The difference between the coating antigen and target molecules and immunogens is one of the factors to improve antibody sensitivity [25]. Based on the above simulation results, the hydrocarbon-oxygen branch of chloroacetamides has been shown to be a site of specificity for the target molecule, thus, it is hypothesized that the use of other chloroacetamide herbicides similar to PR as heterologous coating antigens may significantly increase antibody sensitivity by increasing the competitiveness of the antibody against the PR molecule. This conclusion is subject to further experimental verification.

3.6. Validation of Ic-ELISA Method

3.6.1. Optimization of Sample Pretreatment

For the pretreatment of the lake water sample, a dilution method was used, which was simple and less time-consuming. Considering the more complex water environment that may be encountered in practical application, at least 1-fold dilution is required when processing lake water samples. PR boiling point was 135 °C, and the recovery of PR in the sample was found to be low when extracted with organic solvent and concentrated, which was inferred to volatilize PR when organic solvent evaporated. Therefore, the extraction method for PR in soil and rice should be diluted in PBS containing 5% methanol for extraction.

The OD values of 20 blank samples were measured for lake water, rice, and soil, respectively, and the concentration of PR in the blank samples was calculated based on the standard curve of the PR/114 antibody ic-ELISA to calculate the LOD and LOQ for each sample. The results are shown in

Table 2. The recovery rate of PR in three samples.

Samples	LOD (μg/L)	LOQ (μg/L)	Spiked (µg/L)	Recovery (C ± SD, %, n = 15)	Coefficient of Variation (CV) (%, n = 15)
Lake water	4.83	10.13	10.00	89.7 ± 8.3	9.3
			20.00	85.9 ± 7.0	8.1
			40.00	83.9 ± 8.0	9.5
Rice	3.04	5.68	10.00	81.3 ± 2.5	3.1
			20.00	91.3 ± 3.0	3.3
			40.00	78.3 ± 2.3	2.9
Soil	2.37	4.46	10.00	86.5 ± 4.2	4.8
			20.00	84.4 ± 2.3	2.7
			40.00	86.6 ± 4.3	5.0

. The limits of detection for PR in lake water, rice, and soil were 2.37~4.83 μg/L and the limits of quantification were 4.46~10.13 μg/L. The average recoveries in the three samples were 78.3~91.3% and the coefficients of variation were less than 9.5%.

3.6.2. Comparison of Ic-ELISA and HPLC

The results of the ic-ELISA and HPLC determination of lake water were detailed in

Table 3. Results of ic-ELISA and HPLC assay (Lake water).

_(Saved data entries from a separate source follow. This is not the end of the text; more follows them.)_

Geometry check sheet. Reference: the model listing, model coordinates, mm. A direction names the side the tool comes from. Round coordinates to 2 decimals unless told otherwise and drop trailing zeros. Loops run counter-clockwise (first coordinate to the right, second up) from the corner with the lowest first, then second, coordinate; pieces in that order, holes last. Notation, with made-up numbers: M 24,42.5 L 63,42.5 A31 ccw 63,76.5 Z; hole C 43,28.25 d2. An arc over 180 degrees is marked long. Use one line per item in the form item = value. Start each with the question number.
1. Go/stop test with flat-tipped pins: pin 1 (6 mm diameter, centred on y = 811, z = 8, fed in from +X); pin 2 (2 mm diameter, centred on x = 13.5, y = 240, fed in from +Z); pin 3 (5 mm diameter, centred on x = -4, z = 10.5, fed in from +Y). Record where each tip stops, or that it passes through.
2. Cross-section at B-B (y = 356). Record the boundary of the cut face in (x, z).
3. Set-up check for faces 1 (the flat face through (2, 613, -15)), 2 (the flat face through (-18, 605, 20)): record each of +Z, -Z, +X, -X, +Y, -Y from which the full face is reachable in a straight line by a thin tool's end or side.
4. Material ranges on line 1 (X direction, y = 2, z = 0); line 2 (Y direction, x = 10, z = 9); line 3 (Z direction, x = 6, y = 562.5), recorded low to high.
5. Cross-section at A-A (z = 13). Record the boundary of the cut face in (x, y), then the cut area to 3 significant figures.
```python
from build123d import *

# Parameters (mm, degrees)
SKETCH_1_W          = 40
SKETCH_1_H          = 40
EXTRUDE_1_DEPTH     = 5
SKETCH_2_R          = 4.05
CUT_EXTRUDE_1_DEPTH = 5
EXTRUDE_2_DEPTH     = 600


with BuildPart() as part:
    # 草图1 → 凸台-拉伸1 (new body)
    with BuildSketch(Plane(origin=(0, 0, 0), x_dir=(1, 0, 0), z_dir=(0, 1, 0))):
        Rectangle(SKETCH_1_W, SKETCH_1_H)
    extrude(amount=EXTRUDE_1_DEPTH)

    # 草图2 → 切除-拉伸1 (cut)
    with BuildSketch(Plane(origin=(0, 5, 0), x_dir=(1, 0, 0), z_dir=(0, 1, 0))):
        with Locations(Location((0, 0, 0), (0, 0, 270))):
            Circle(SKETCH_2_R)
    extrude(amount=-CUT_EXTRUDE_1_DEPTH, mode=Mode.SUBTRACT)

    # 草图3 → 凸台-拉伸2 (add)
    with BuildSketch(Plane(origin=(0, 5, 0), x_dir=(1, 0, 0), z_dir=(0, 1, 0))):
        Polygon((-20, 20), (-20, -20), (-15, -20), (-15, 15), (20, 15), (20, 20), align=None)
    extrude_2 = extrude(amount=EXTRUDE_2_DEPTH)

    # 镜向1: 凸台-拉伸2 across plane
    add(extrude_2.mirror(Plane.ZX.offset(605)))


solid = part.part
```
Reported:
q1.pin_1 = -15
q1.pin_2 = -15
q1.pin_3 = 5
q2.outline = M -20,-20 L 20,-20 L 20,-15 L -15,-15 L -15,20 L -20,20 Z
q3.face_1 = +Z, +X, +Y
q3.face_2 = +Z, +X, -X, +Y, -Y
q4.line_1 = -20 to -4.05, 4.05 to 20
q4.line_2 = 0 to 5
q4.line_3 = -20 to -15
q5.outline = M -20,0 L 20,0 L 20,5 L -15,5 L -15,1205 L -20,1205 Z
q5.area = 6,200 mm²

Spiked (μg/kg)	ic-ELISA (n = 5, μg/kg)	ic-ELISA Recovery (%)	HPLC (n = 5, μg/kg)	HPLC Recovery (%)
50	41.22	82.4	42.39	84.8
100	93.45	93.5	87.48	87.5
200	172.33	86.2	168.43	84.2
400	376.22	94.1	323.92	81.0
800	769.53	96.2	693.82	86.7

, with recoveries ranging from 81.0% to 96.2% for both methods. As shown in Figure 7, the correlation between ic-ELISA and HPLC was good and the linear correlation coefficient was R² = 0.9913. The results indicated that the ic-ELISA method established in this study can be used as a reliable tool for the detection of PR in real samples.

4. Conclusions

In this study, a monoclonal antibody with enhanced sensitivity and specificity towards PR was prepared with an IC₅₀ of 31.47 μg/L, while showing no cross-reactivity with other chloroacetamide herbicides. An ic-ELISA method has been developed for the detection of PR residues in the environment and cereals, with a linear range of 6.25~100 μg/L. The LOD of PR in lake water, rice, and soil samples were 2.37~4.83 μg/L and the LOQ were 4.46~10.13 μg/L, the recoveries were 78.3~91.3% with the coefficients of variation less than 9.5%. The method was confirmed by HPLC, confirming the reliability of the ic-ELISA was reliable. We have provided a more sensitive method of detecting PR in the environment, and a new way of monitoring environmental safety that was scientifically important and market value.